__EXERCISE__
Across the entries below, work out how many lines contain "forward". Please give the number only.
◆ ◆ ◆ ◆ ◆
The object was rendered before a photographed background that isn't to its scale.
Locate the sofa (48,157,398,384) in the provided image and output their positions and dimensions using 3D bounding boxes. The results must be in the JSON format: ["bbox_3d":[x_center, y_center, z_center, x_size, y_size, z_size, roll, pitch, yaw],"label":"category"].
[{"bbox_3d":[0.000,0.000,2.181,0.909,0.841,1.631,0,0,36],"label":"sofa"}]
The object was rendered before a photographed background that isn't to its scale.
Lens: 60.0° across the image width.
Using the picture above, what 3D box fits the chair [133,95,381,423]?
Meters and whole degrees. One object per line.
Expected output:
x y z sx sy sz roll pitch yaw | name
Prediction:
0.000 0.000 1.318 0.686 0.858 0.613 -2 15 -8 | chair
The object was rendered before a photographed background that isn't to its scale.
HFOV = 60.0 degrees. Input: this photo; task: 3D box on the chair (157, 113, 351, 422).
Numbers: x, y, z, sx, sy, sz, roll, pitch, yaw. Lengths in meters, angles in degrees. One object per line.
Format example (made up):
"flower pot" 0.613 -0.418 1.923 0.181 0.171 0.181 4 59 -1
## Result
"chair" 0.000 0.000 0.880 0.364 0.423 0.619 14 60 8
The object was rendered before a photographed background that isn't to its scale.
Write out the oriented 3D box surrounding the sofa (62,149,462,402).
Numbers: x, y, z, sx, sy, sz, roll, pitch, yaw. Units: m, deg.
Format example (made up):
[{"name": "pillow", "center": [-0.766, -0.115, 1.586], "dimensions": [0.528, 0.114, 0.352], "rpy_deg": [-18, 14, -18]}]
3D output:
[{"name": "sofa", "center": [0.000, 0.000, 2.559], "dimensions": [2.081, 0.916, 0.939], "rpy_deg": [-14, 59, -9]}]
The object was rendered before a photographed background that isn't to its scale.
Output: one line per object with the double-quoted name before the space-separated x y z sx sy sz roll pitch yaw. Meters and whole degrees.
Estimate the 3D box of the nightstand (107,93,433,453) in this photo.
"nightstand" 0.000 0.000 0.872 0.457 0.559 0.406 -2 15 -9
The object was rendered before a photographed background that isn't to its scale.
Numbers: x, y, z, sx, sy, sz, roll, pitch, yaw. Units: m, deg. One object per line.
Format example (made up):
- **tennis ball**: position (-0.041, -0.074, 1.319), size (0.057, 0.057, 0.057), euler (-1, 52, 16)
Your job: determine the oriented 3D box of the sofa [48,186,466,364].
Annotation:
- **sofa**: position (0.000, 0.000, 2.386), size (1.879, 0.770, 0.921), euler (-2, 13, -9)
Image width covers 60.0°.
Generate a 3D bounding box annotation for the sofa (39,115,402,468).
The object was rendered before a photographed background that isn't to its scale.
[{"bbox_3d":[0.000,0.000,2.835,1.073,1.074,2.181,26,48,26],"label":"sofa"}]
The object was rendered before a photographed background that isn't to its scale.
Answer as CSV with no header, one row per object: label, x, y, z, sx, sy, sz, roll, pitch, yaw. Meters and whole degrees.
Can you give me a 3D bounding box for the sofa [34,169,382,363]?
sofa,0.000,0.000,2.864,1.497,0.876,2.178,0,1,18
◆ ◆ ◆ ◆ ◆
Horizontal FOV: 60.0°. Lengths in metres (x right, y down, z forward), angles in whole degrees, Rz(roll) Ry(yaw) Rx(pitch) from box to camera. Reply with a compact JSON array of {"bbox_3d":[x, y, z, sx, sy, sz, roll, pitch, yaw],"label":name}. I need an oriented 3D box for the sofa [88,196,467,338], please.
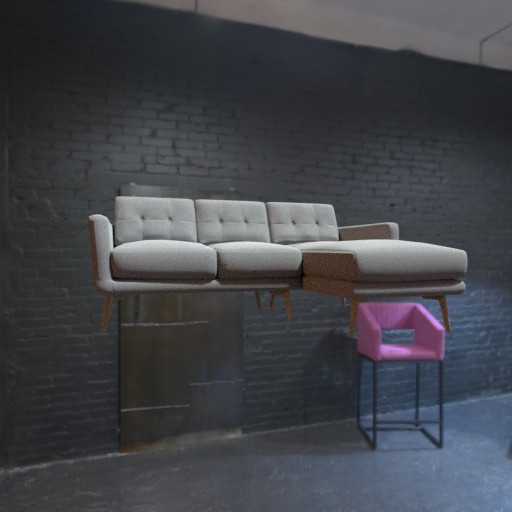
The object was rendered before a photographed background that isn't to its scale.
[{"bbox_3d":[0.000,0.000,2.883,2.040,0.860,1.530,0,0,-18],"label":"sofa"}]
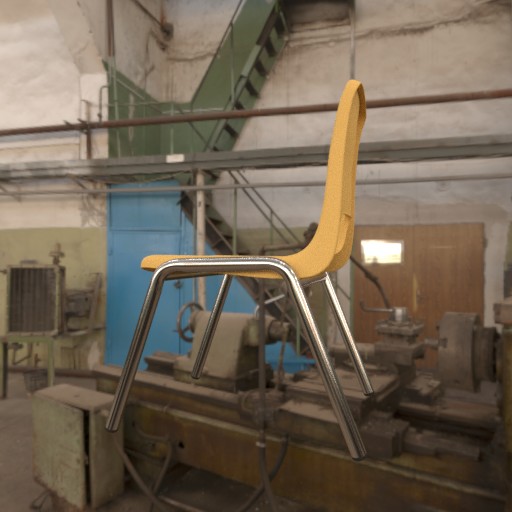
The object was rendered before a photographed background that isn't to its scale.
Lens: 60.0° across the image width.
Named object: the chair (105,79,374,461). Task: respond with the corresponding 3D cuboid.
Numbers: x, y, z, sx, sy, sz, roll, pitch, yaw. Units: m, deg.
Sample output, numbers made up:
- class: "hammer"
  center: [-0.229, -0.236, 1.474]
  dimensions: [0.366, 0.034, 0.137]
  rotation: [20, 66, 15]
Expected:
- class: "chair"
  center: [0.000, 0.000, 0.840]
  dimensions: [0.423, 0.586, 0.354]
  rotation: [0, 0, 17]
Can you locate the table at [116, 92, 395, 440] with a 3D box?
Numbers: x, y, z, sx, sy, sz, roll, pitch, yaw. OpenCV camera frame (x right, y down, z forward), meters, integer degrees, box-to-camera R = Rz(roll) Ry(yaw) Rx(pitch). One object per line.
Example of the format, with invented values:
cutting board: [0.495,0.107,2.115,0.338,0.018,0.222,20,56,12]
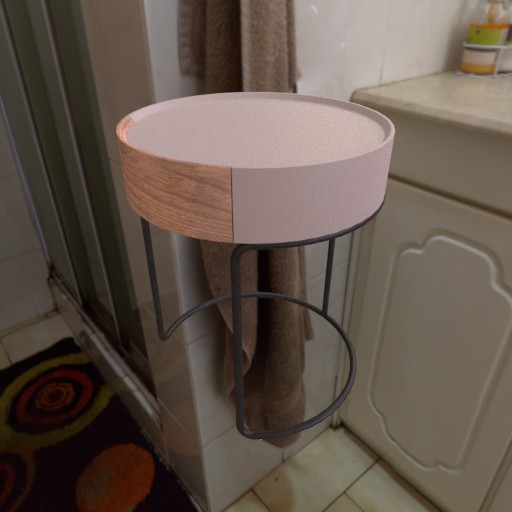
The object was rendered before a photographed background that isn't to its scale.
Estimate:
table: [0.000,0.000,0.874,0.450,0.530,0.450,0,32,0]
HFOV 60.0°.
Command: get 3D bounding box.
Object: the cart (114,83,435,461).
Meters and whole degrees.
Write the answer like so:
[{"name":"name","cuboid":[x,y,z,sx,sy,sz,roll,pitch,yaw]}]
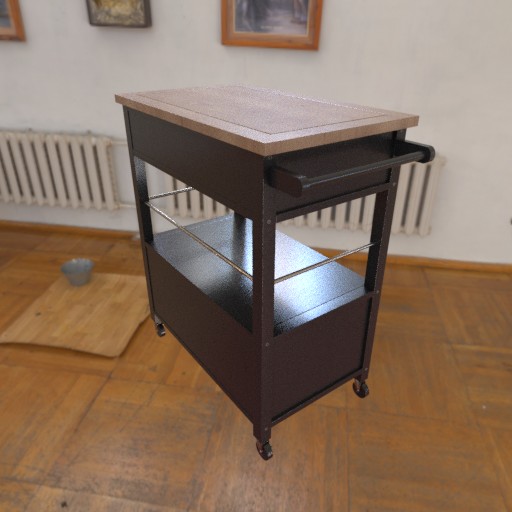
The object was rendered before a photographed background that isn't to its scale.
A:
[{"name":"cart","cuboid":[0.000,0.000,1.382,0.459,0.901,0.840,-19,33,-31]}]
◆ ◆ ◆ ◆ ◆
__TASK ANSWER__
2